Nolan raced to comply. The stillness outside the door was menacing. While he was dragging the suits out, throwing them at the men, while they were putting them on, the man called Searle was staring at the masquerader with dawning comprehension.

"What are you going to do?" he whispered. "Are you—"

The man in the heat suit laughed sharply. "Get your suit on," he said. "You know what I'm going to do. All set?" Every man was garbed, helmets down. "Ten seconds to seal them. One, two, three—"

He counted slowly and Nolan watched him with fascination. At five the gauntleted left hand came up to the butt of the pyro, worked the tiny chambering lever half a dozen times. Nolan gasped in spite of himself. There were seven lethal pyro charges in the chamber of that gun—enough to blast down a mountain!

The count was finished. Through Nolan's helmet radio, automatically turned on, the man's calm voice ordered, "All right, Nolan. Open the door and let them in!"

Nolan moved. As his hand was on the lock, just as it turned and the door swung loosely inward—

Blam! the impostor swung and fired the massive charge in his pyro at the thin wall that kept air and life in the dome!

They were running over icy ground. At most there was a minute or so of advantage—less, if the men they'd left in the room had other weapons concealed somewhere. And still Nolan didn't know who his savior was.

"All right, now," he panted over the helmet phone. "Give. Who are you?"

The answer was a chuckle, mixed with gasping as the smaller man strove to match his speed. "Tell you later," he panted.

"Hold it!" Nolan broke in, suddenly recalling the oversight that had been so disastrous before. "Don't tell me. Show me—and turn off your radio. They've got tracers."


There was a snort of sudden comprehension from the phone, then silence. Nolan looked to see the figure spurt into the lead, gesture ahead. They were rounding the dome. The bulk of the Dragonfly appeared, with a big cargo skid drawn up beside it. The gesticulating arm of the other man pointed directly at it.

Nolan glanced around.
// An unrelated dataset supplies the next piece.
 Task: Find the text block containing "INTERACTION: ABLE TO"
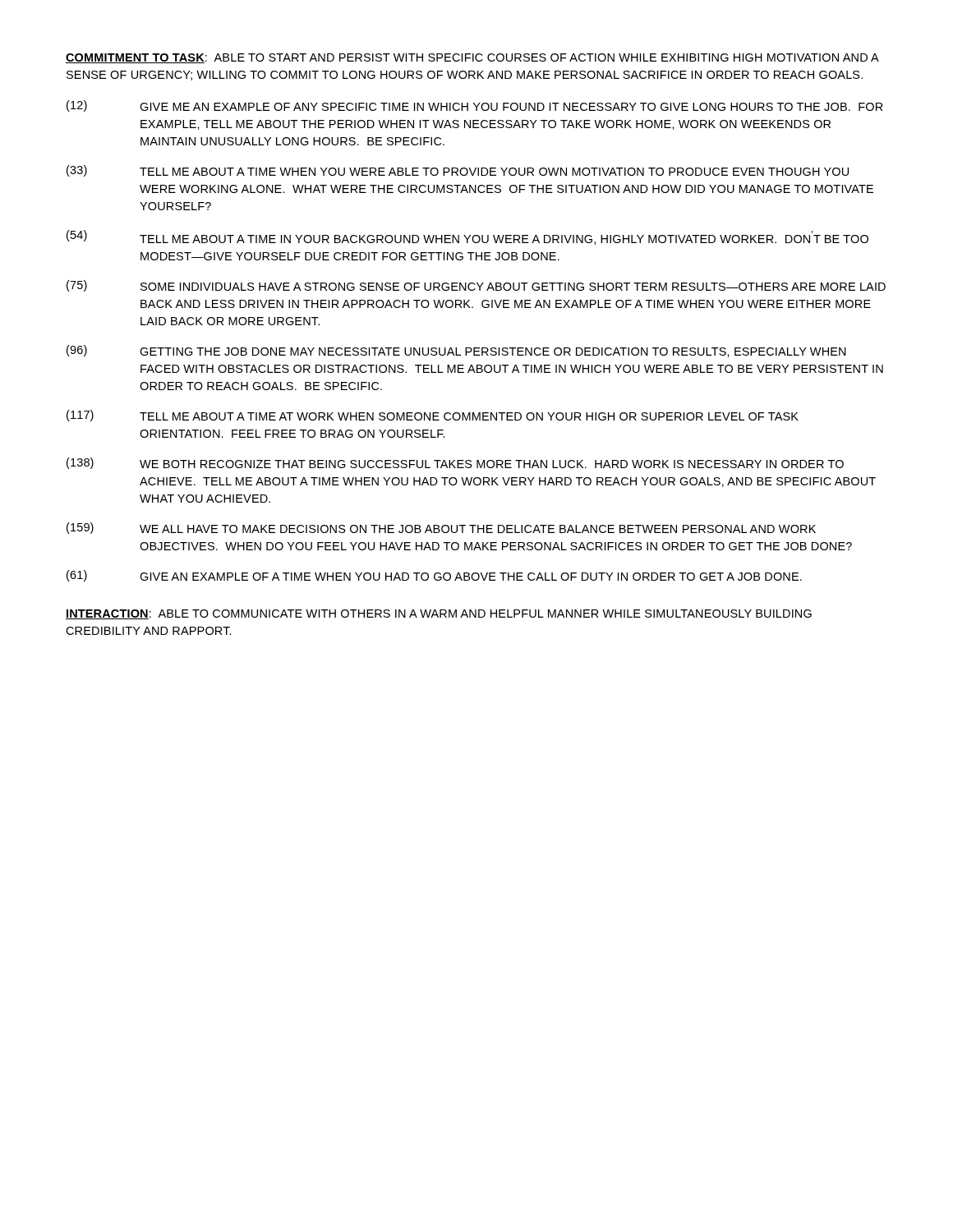[439, 622]
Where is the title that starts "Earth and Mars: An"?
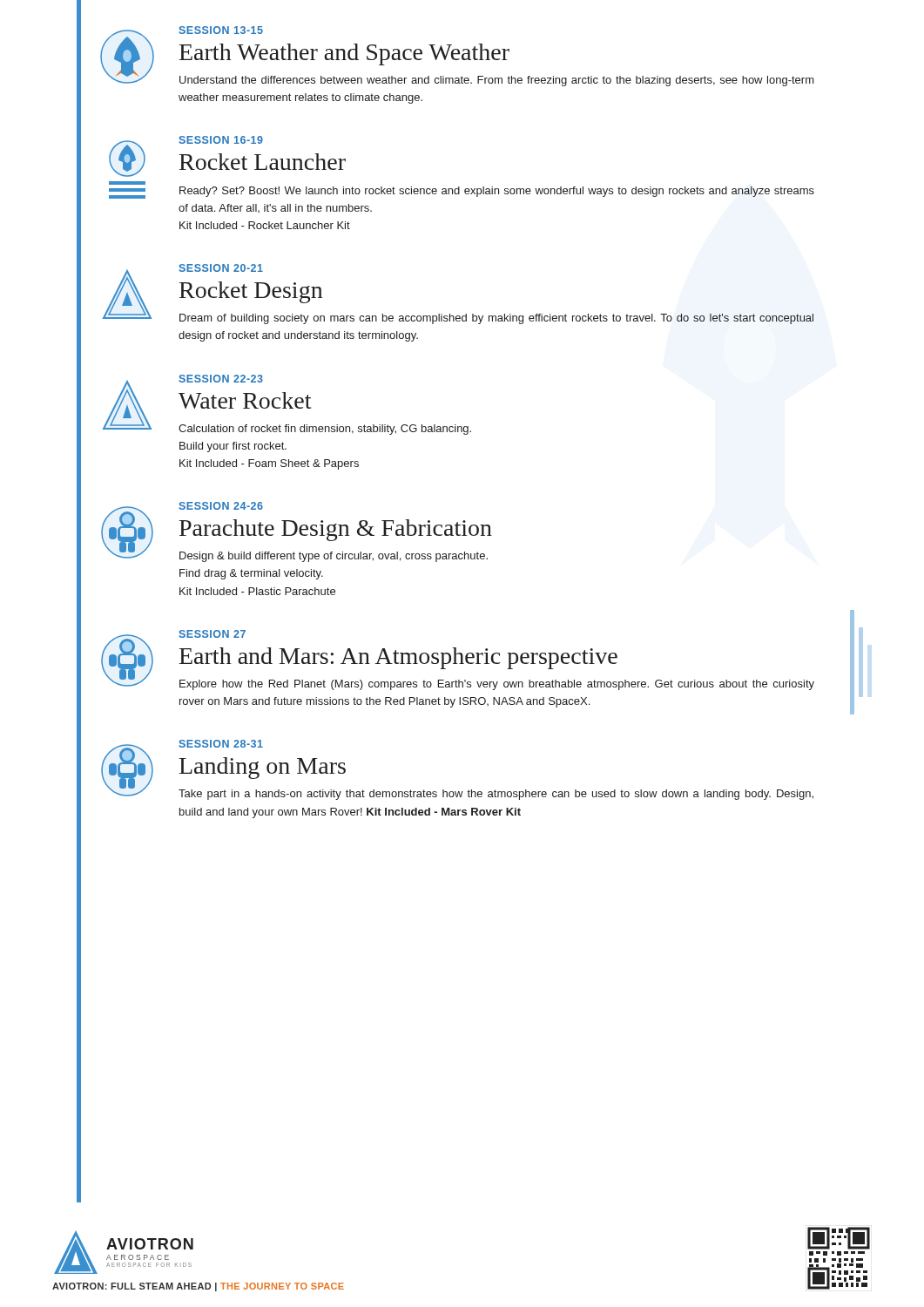The height and width of the screenshot is (1307, 924). [398, 655]

There was no one following—yet.

The men hadn't had weapons, then—and those who had been outside would not be pursuing anybody. He tried to thrust from his mind the recollection of what had happened when the sucking rush of escaping air had thrown wide open the door he had unlocked, and the tug of naked vacuum gripped the men behind it. A dozen of them there had been, hulking brutes from the flight sheds of a system's blowsiest ports, and one man in a heat suit, faceplate mirrored like that of the man Nolan ran beside. It is not pleasant to see a strong man try to shriek in agony, and fail because the air has bubbled from his lungs.
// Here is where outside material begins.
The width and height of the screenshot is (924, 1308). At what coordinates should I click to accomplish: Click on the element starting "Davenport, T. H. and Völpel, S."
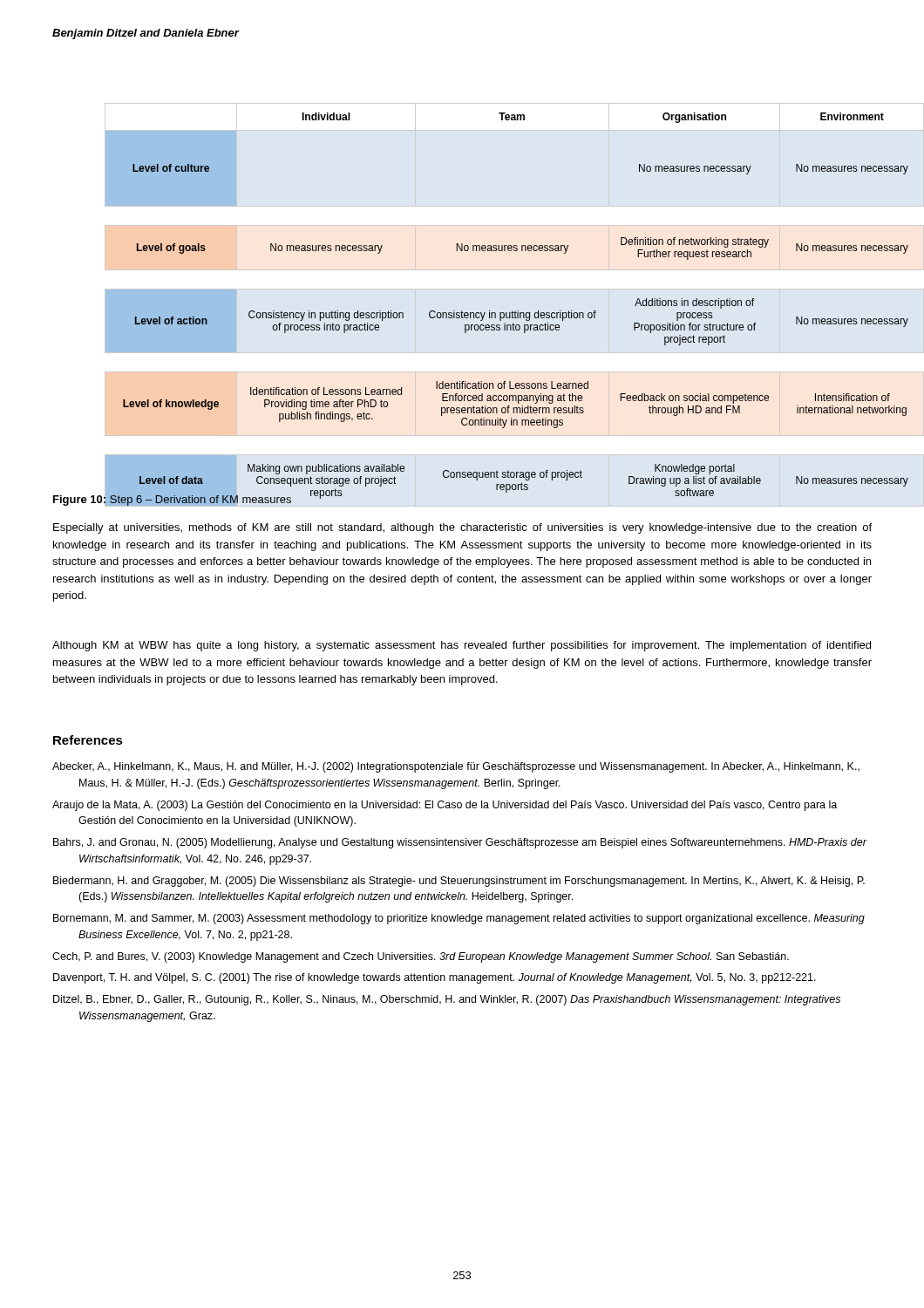tap(434, 978)

The outer door of the skid was open, and the impostor trotted in. When Nolan was beside him he leaned on the lock control. Ever so slowly, the outer door closed; slowly the inner opened.
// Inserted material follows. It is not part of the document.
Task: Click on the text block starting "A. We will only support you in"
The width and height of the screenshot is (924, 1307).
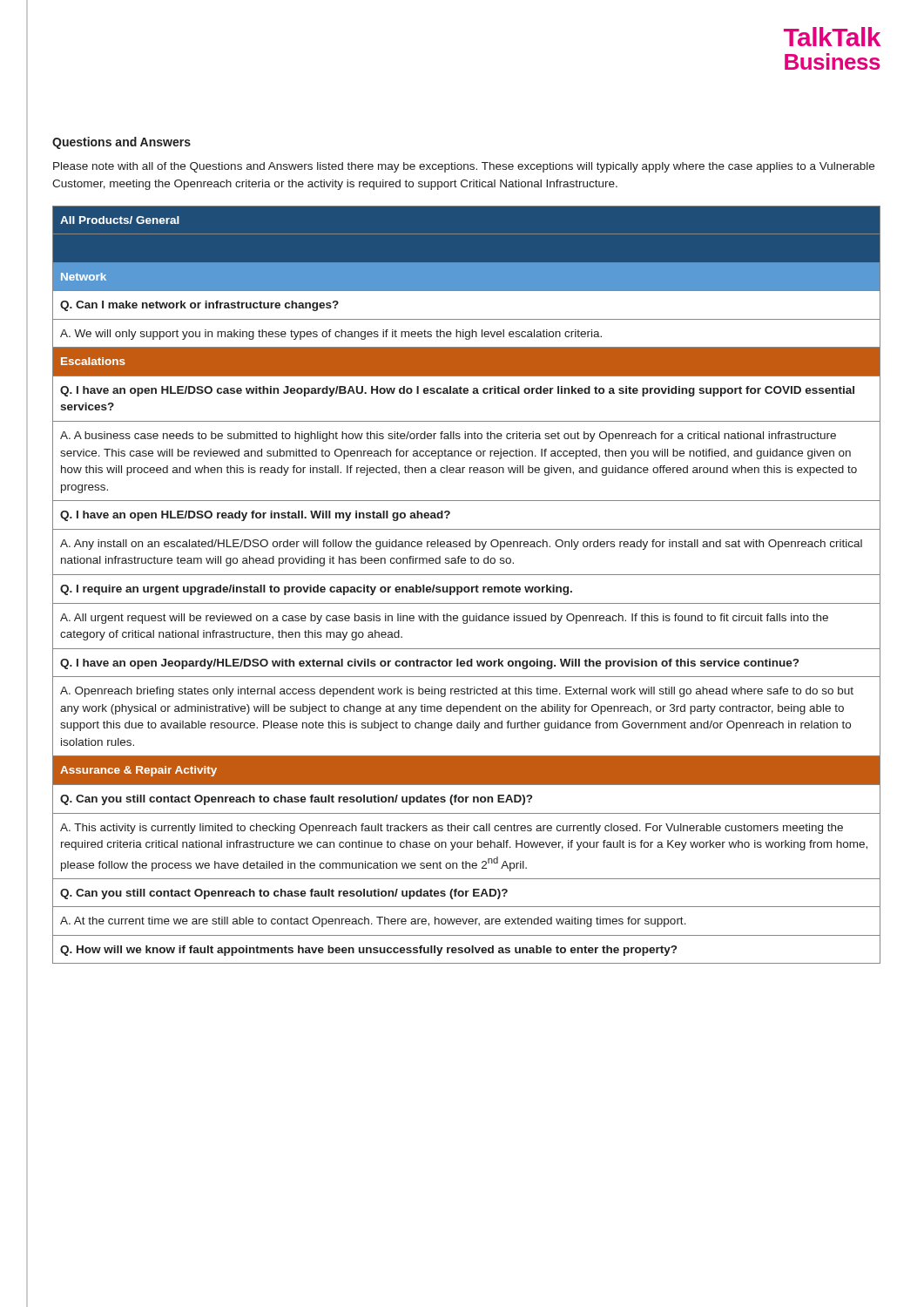Action: click(331, 333)

They burst into a chamber where a man was just rising from a telescreen, face contorted with consternation and hate, hand bringing up a pyro from a drawer in the chart table.

The pseudo-chief's gun spoke first, and the head and shoulders of the other disappeared in a burst of flame and sickening smoke. There was no time for delicacy. Ruthlessly shoving the seared corpse away, the stranger dove for the controls, touched the jet keys.

The ungainly skid shuddered, then drove forward. The stranger opened all jets to the limits of their power. Creaking and groaning, the skid responded. The dial of the speed indicator showed mounting acceleration, far beyond what the ship was designed for.

Nolan, clinging with one arm to a floor-bolted chair, threw back his helmet and yelled: "I'm ready any time! What's the story? Who the devil are you?"

The impostor waved a hand impatiently. His muffled voice came: "Take a look in there. There may be more aboard!"

Nolan grimaced and nodded. He picked his way over the jolting floor, blaster out, to the threshold. His groping hand encountered the lume switch, flooded the cargo hatch with light. It was almost empty. A few crates, the long casket-like object he had seen in the ship. Nothing behind which a man could hide.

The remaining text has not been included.